O que nos faz pensar que ser trocado, deitado, com milhares de mãos passando por cima do corpo, com as pernas esticadas para cima, tracionadas por braços alheios, seja a mais confortável das posições? A cena é digna de um pastelão, se não fosse uma “experimentação” em busca da perfeição: Uma mão passando algodão quente em nossas nádegas, esfregando e puindo. Um estica e puxa daqui, outro ali. Levanta a perninha, abaixa a perninha. Vira de lado, põe a roupa pela cabeça, tira a roupa, põe a fralda e cola a fita adesiva, invariavelmente em nossas pernas. Eu choraria, ou melhor, eu abandonaria a língua culta e entraria no mundo maravilhoso das reações intempestivas!

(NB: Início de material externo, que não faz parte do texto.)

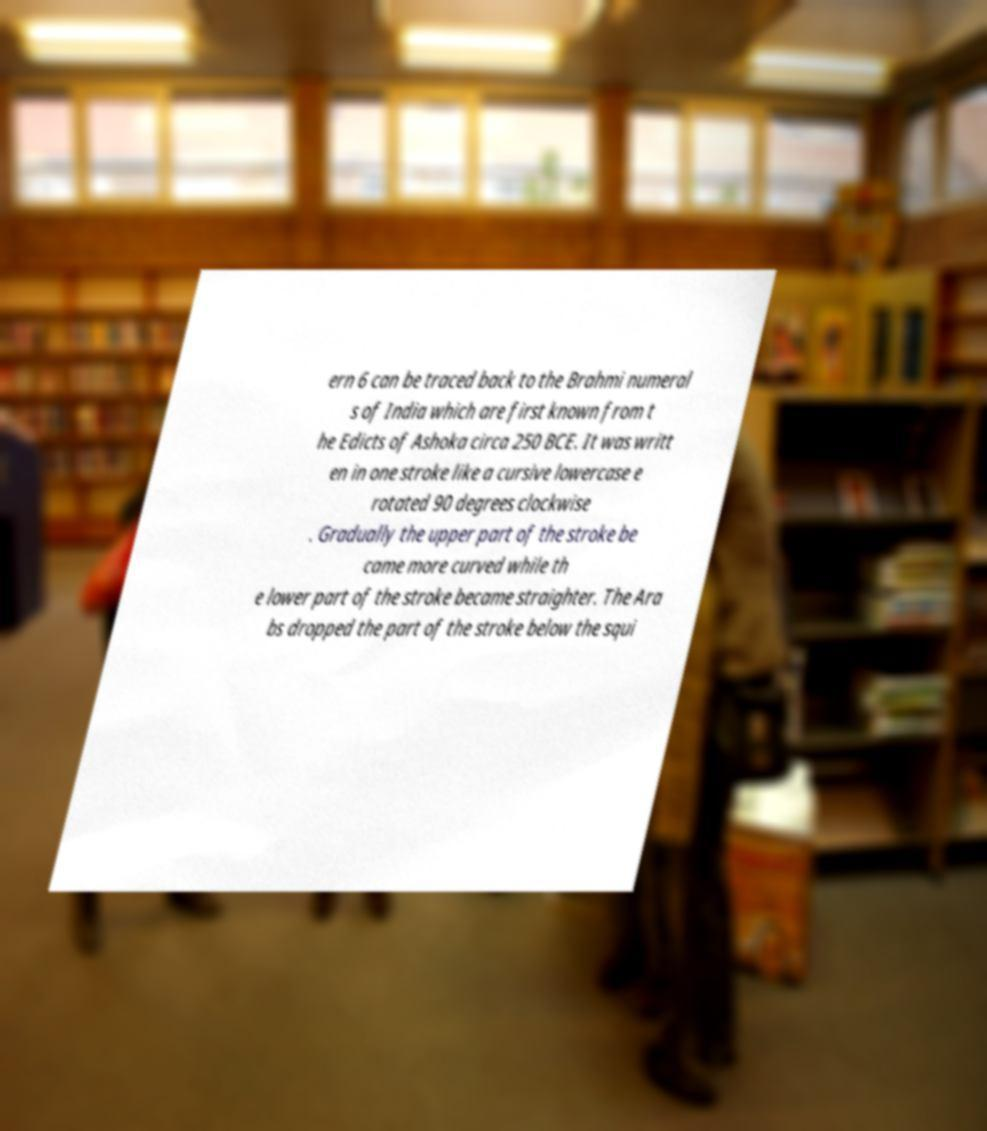Could you extract and type out the text from this image? ern 6 can be traced back to the Brahmi numeral s of India which are first known from t he Edicts of Ashoka circa 250 BCE. It was writt en in one stroke like a cursive lowercase e rotated 90 degrees clockwise . Gradually the upper part of the stroke be came more curved while th e lower part of the stroke became straighter. The Ara bs dropped the part of the stroke below the squi

Na psicologia de boteco temos aquele chavão: para refletirmos e analisarmos determinada situação devemos nos colocar no lugar do outro. Verificando o que o outro sentiria, ponderando se a decisão a ser tomada seria agradável, punitiva, boa, sem efeito ou com virtudes, estaríamos aptos para decidir e compreender as repercussões daquele ato ou fato.

Perfeito, o ato de desembrulhar os pequenos nunca é um ato refletido com a psicologia dos botecos. E dá-lhe choro. Fome?
Os botecos estão sempre certos. Parem e se imaginem estirados em um trocador, com mãos, que são do tamanho de seu tronco, te levantando para “colocar” um macacão. Você teria náuseas, não teria? E o choro é histérico. Mas o que será este choro?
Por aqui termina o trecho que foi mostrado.